__WHAT THE TASK REQUIRES__
What are the lines from the top of the entries below through the line containing "Task: Select the"? Return them exactly, both ends included, without the pictures.

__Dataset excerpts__
------------------------
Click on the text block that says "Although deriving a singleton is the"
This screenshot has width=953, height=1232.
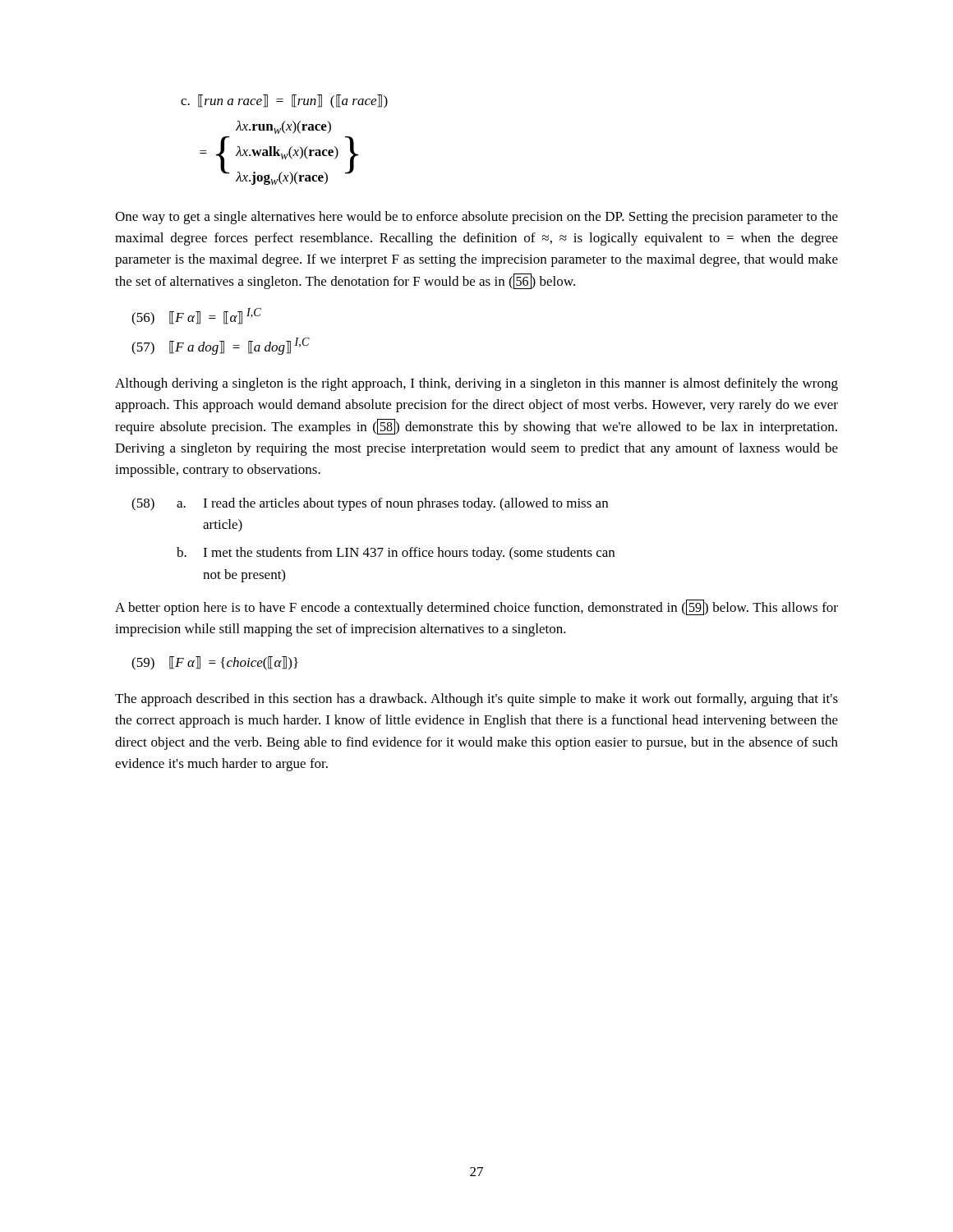[x=476, y=427]
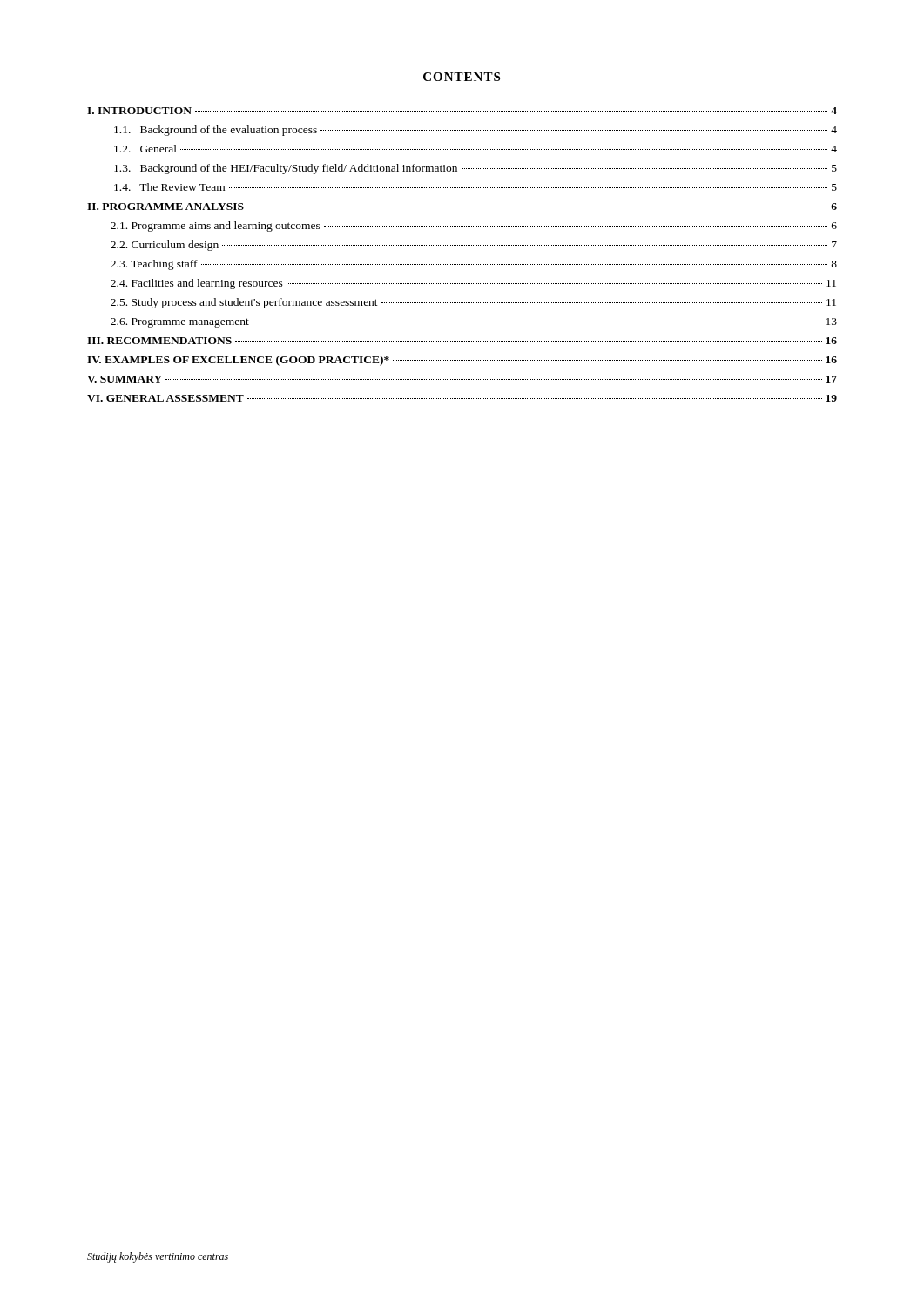Viewport: 924px width, 1307px height.
Task: Click where it says "2.6. Programme management 13"
Action: (x=471, y=322)
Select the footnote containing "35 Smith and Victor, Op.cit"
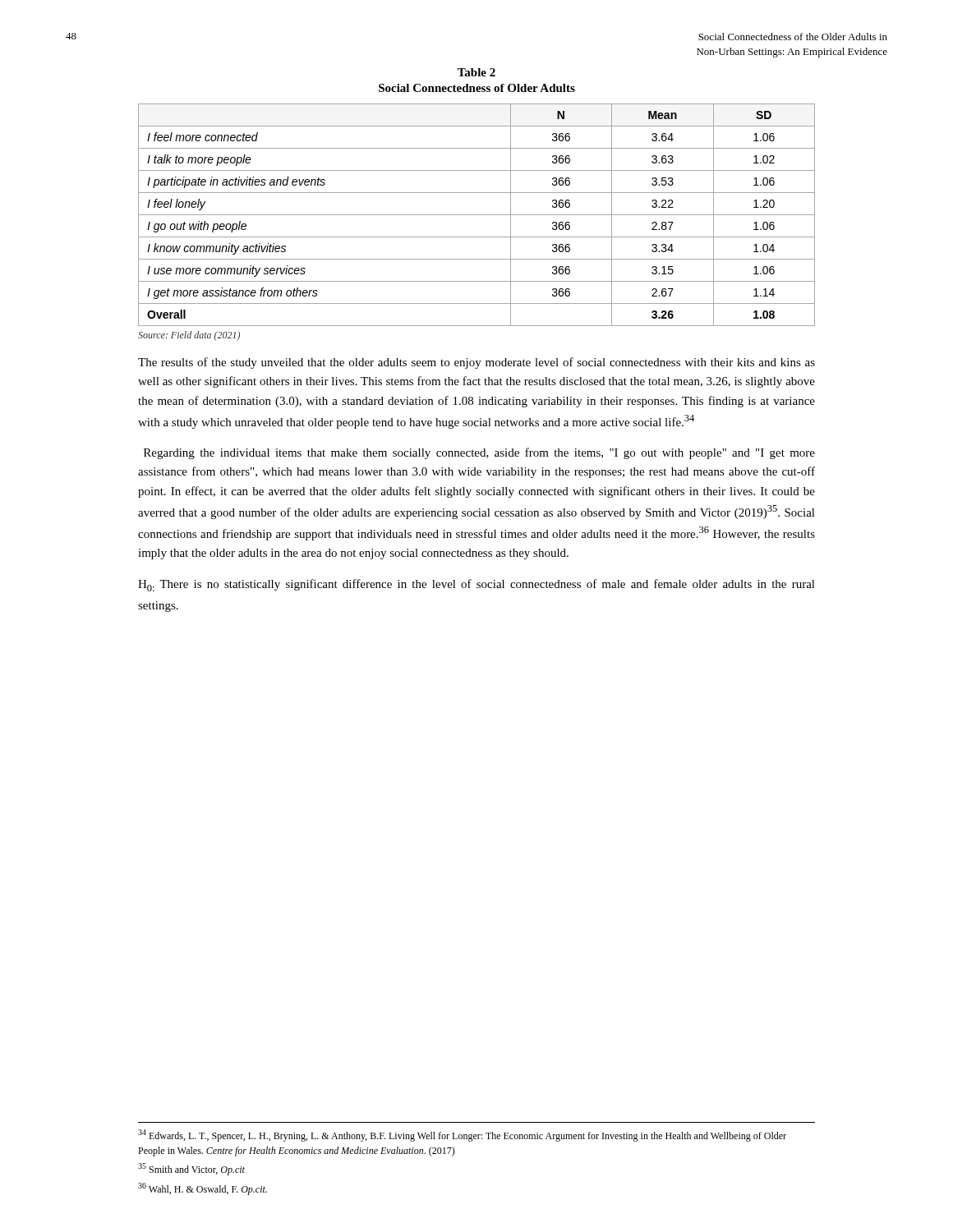 pyautogui.click(x=191, y=1168)
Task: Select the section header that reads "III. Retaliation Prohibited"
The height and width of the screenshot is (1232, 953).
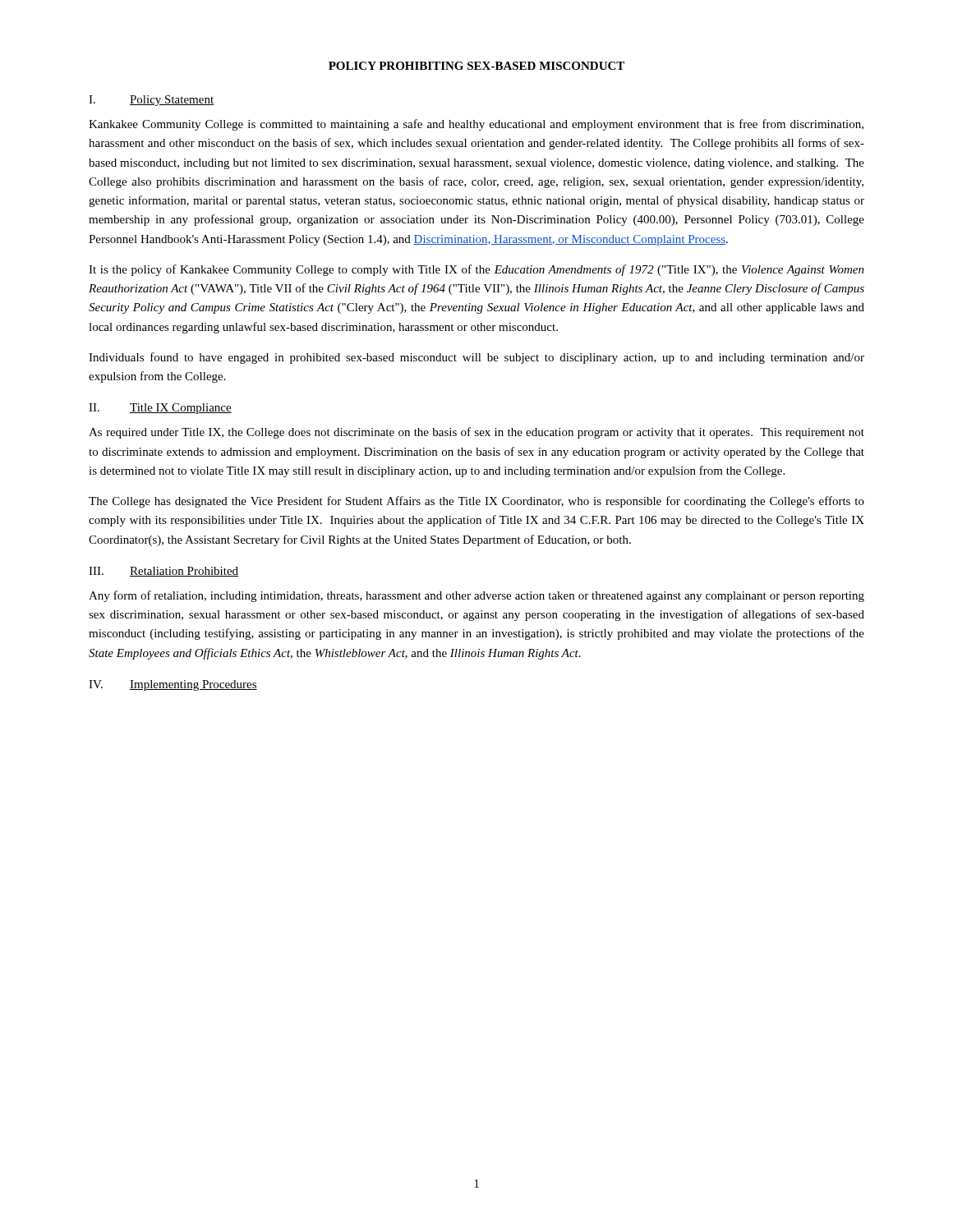Action: tap(164, 571)
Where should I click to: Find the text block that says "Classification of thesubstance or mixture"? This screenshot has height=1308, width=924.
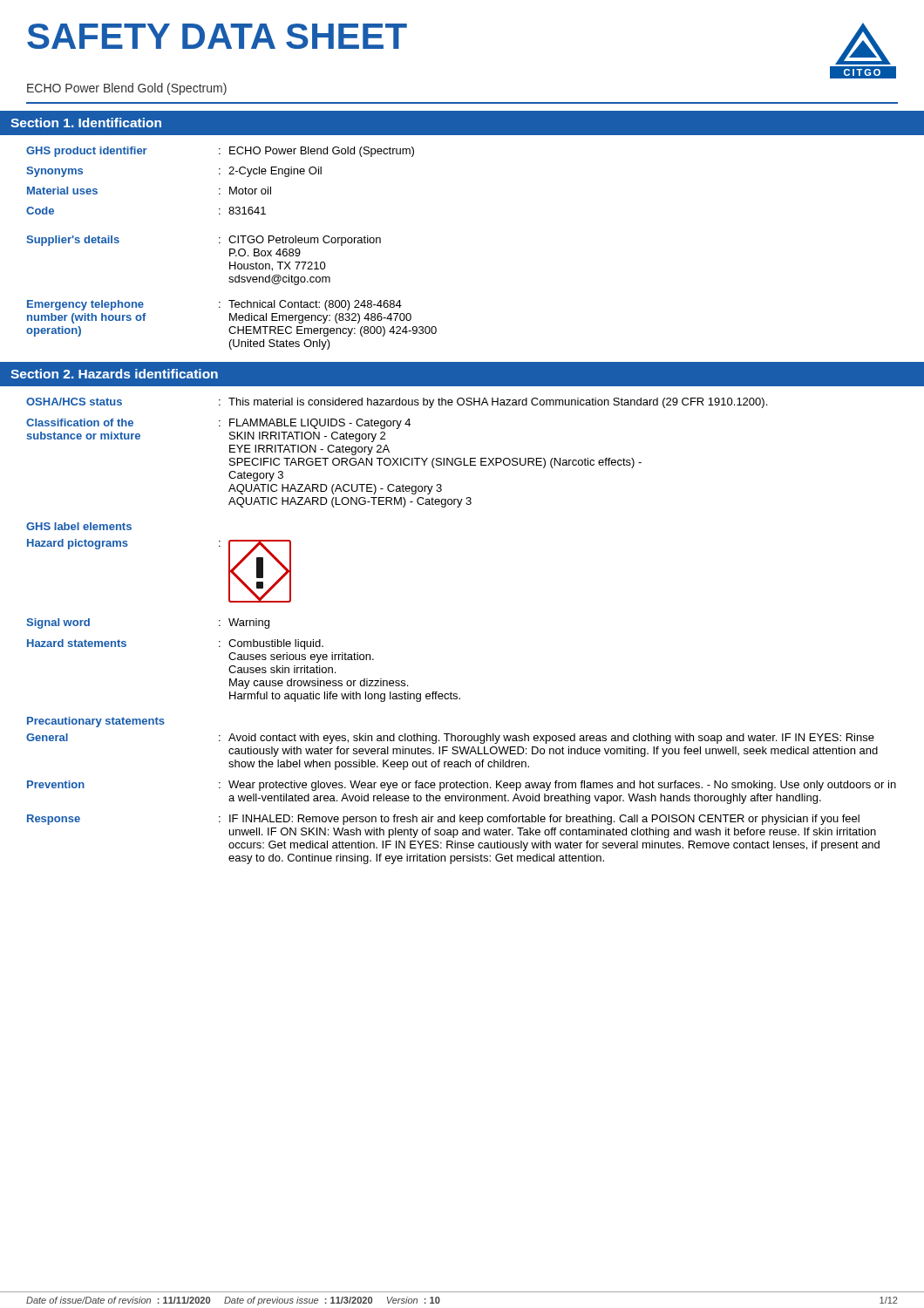(462, 462)
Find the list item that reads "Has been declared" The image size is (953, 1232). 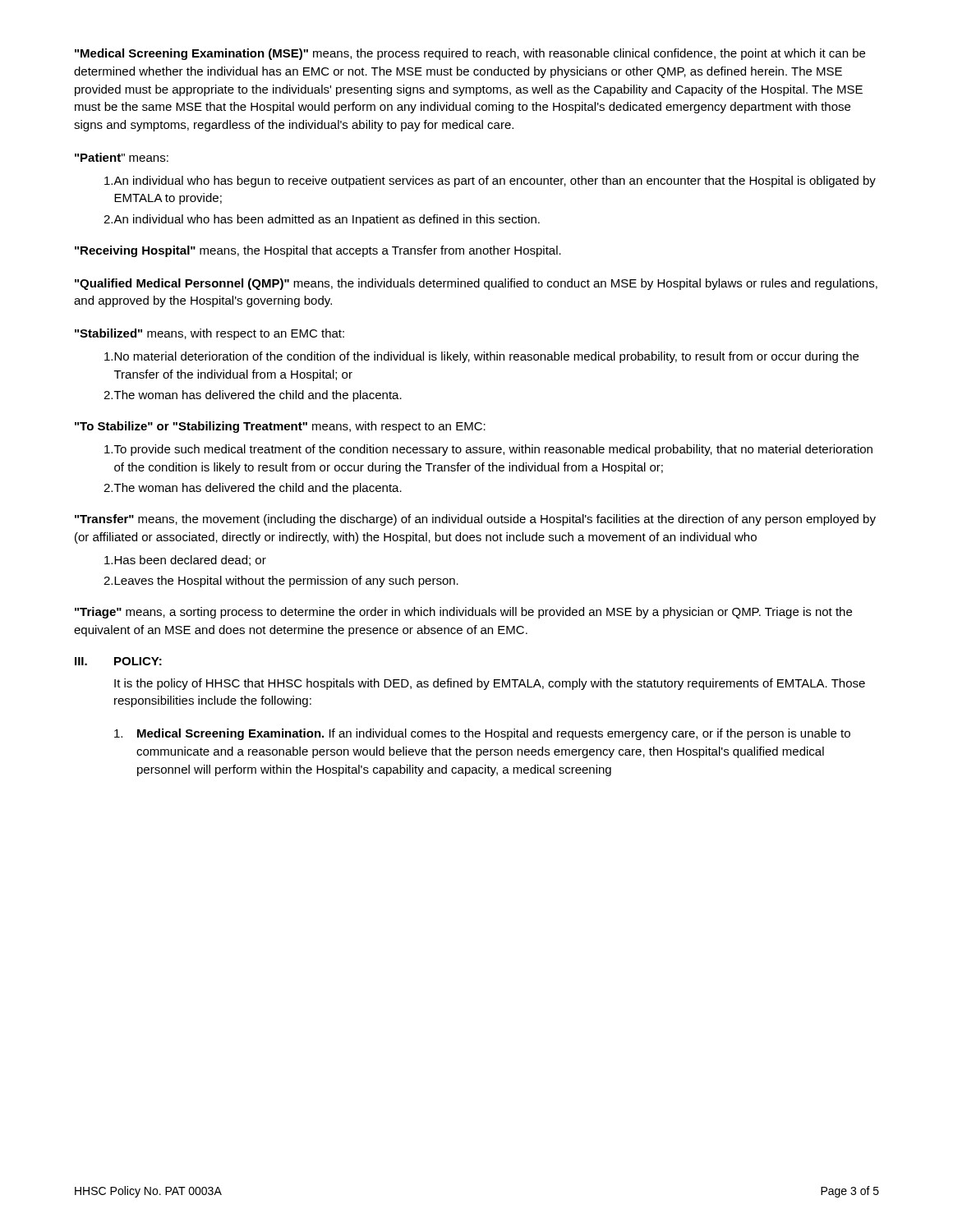[185, 561]
------------------------
__SOLUTION FOR THIS TASK__
Click on the text block that says "Although deriving a singleton is the"
This screenshot has width=953, height=1232.
[x=476, y=427]
Viewport: 924px width, 1307px height.
Task: Click where it says "2.6. Programme management 13"
Action: (x=471, y=322)
Select the footnote containing "35 Smith and Victor, Op.cit"
 pyautogui.click(x=191, y=1168)
Task: Select the section header that reads "III. Retaliation Prohibited"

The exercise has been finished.